16000000 / 12 / 180 = 7407 TPS

What if we could not only solve the problem of the numerator, but also the problem of the denominator, so that each transaction in the Rollup occupies fewer bytes on-chain?

What is it, how does it work?

In my opinion, the best explanation is this picture from two years ago:

In zero-byte compression, each long zero-byte sequence is replaced with two bytes to indicate the number of zero bytes. Furthermore, we make use of specific attributes of the transaction:

Signature Aggregation: We have switched from ECDSA signatures to BLS signatures. The characteristic of BLS signatures is that multiple signatures can be combined into a single signature, which can prove the validity of all original signatures. In L1, the computational cost of verification is high even with aggregation, so BLS signatures are not considered. However, in L2 environments where data is scarce, using BLS signatures is meaningful. The aggregation feature of ERC-4337 provides a way to achieve this functionality.

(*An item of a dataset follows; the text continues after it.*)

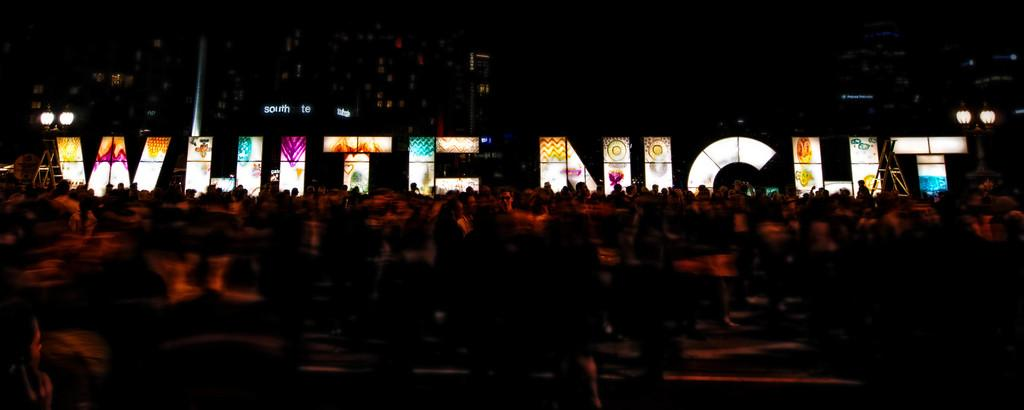What is unique about the lights in the image? The lights are attached to letters in the image. Who or what can be seen in the image besides the lights? There are people in the image. What can be seen in the distance behind the people and lights? There are buildings in the background of the image. What type of fork is being used to stir the pan in the image? There is no fork or pan present in the image; it features lights attached to letters and people in front of buildings. 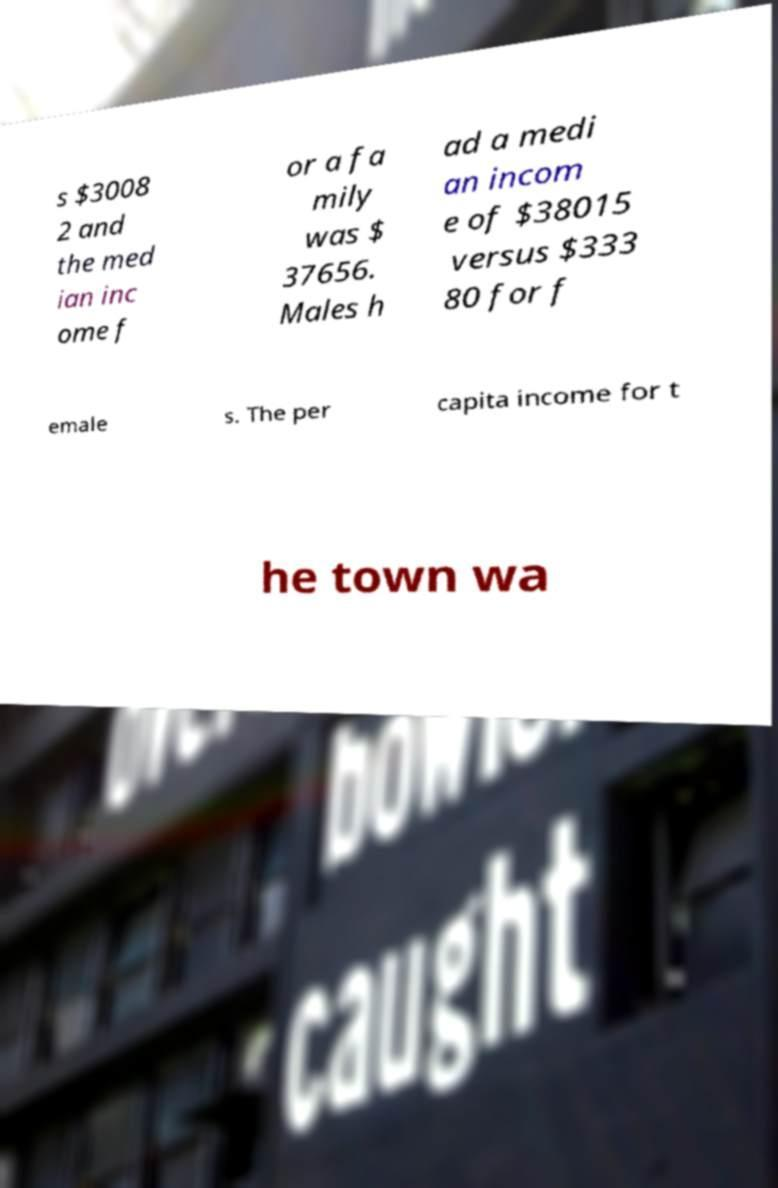Could you extract and type out the text from this image? s $3008 2 and the med ian inc ome f or a fa mily was $ 37656. Males h ad a medi an incom e of $38015 versus $333 80 for f emale s. The per capita income for t he town wa

Replace Address with pointers: If you have used a certain Address before, we can replace the 20-byte Address with a 4-byte pointer pointing to a position in the history.

Custom serialization of transaction values - Most transaction values have very few digits, for example, 0.25 ETH is represented as 250,000,000,000,000,000 wei. The maximum base fee and the priority fee are also similar. Therefore, we can use a custom decimal floating-point format to represent most currency values.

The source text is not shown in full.